Here is a weekly chart of Cash Gold with a 3 standard deviation band above the pricing. It is my contention that from a big picture stand point this is a bubble. You can see we just recently again hit the deviation band. We did have a little reaction down, but nothing to write home about. Most of these "touches" have resulted in dips which is why I claim this market is extended. Am I shorting this market here? No. My Silver setup I was hoping for this week has been invalidated, so other than Copper, I see no shorting opps in the metals here.

This trend is solidly up so from a trading standpoint especially short term, there are no sell signals here. The point I have been making here for awhile now is that it is just a market from a historical perspective that is completely devoid of it's fundamentals up here. It has accelerated in the face of very low inflation and also with a rising dollar. Historically, those are the 2 correlations that have always deteremined the fate of this market. Since they are ignoring those signals that tells us this is a pure speculative move. These types of situations all end the same way, the only variables are how long it takes for them to peak. My comments are mostly just to get people to have an exit plan. I know when things go up like this you think it will last forever and all the sky high predictions for how far price will go and why they are justified come out. This happened in Real Estate, it happened in stocks in 2000. It was also happening recently in stocks when the 1500 calls for the SP 500 came out. Look at who is making the predictions and their track records. Have they been accurate in the past, or have they missed one major market peak or trough after another?

I will just leave you with this thought on this topic. Does that chart above look sustainable? If you think it does just tune me out. If you do not, develop a protective exit strategy in case I am right. Enough on this I am tired of this topic. I will post any trades I do in either direction here when they are done.

NOW TO MY CURRENT DILEMMA



We have the bounce going on I mentioned this past weekend. I have today's action so far on the screen as a projection. It is currently an inside bar with down close. Looking below we have 2 things that indicate a sell and one showing the extended downmove, and a possible buy. What to do? Based on looking at the VIX it appears to me the top is in, it has a very similar look to the most recent big tops we have seen. It features an explosion up for a few days far beyond any standard deviation bands. The normal gyrations in trends generally do not do that. Next, the extended buy I have labeled at the bottom often also picks major turns and it would indicate a low. Since it also occurred at the 200 day moving average, it is certainly possible that the whole correction has already occurred in that brief period. I normally like to have a divergence in that bottom indicator, which we do not have yet to pick a low but it is not always required.
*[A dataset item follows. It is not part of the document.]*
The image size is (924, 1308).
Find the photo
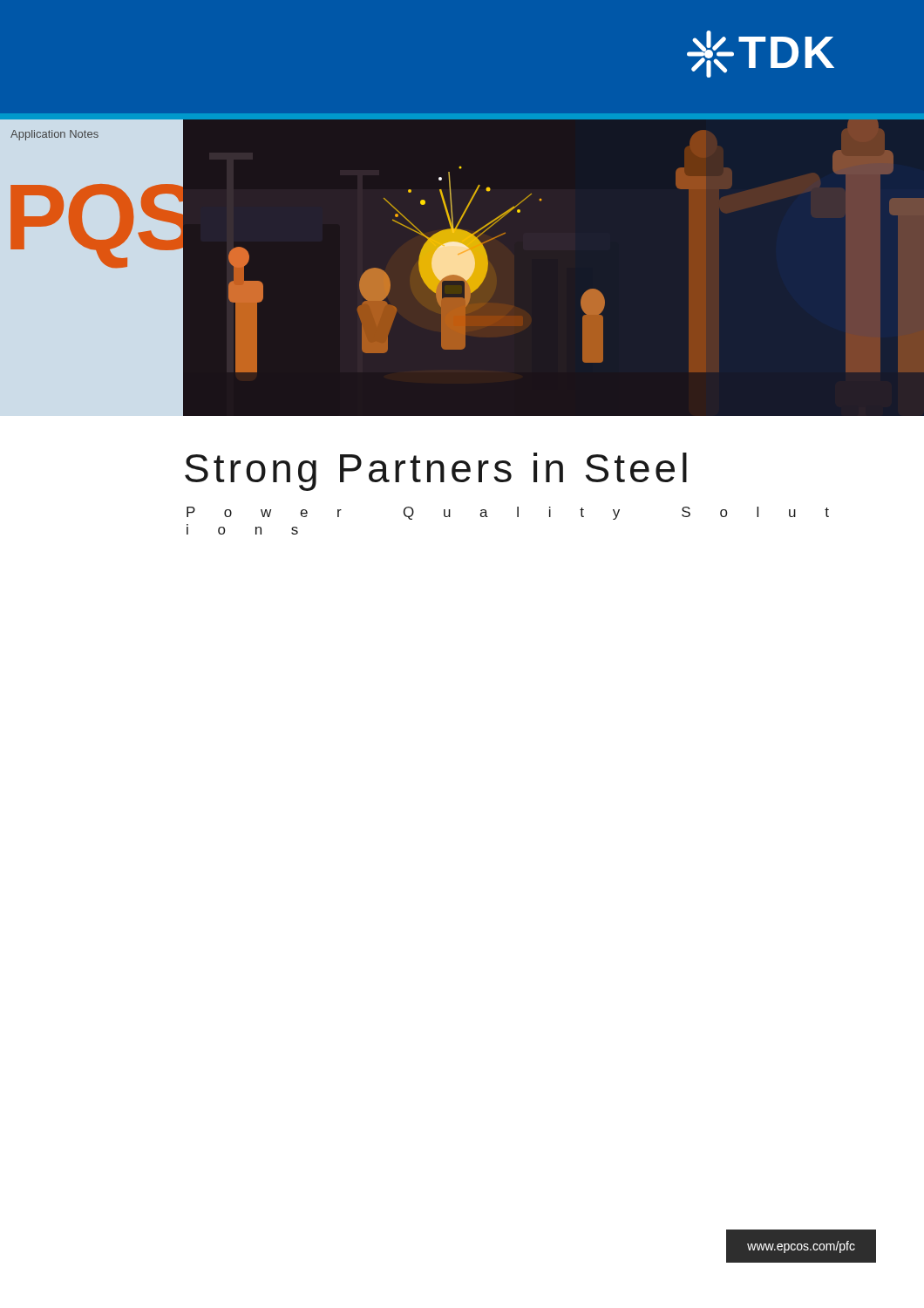(554, 268)

The middle panel showing a rollover in Momentum tilts this back to the bearish side, these can often be very powerful patterns for big moves, and it is indicating sell entries right here. The top panel shows a momentum downtrend, and now a reaction to it upward. Essentially it is mirroring price. I am watching this momentum line very closely to see how it reacts on this bounce. If it begins to curl back down that will be confirmation of a sell.
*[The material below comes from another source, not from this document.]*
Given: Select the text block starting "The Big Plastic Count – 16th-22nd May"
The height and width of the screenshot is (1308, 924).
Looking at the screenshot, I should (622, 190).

Net net here, I am looking to short this rally, but am not "all in" in terms of things I look at mentally. There is an outside chance the whole correction ended already, but I am leaning toward it not being over yet. The next couple of days are critical in my world.

1 comment:

robert said...

re: gold chart with arrows identifying 3 SD events

Chris,

Thank you! To me personally, that's one of the most interesting charts you've ever put up.

Jeremy Grantham did a lot of great research on market bubbles. Looking at 28 different market bubbles, he found that every time a market reached a point of 2 SDs away from the norm, it would eventually revert all the way back to the long-term mean.

I don't know the exact math Grantham and you are using in your equations, but I find this phenomena both valuable and fascinating.

Keep up the good work, Chris. You know your stuff.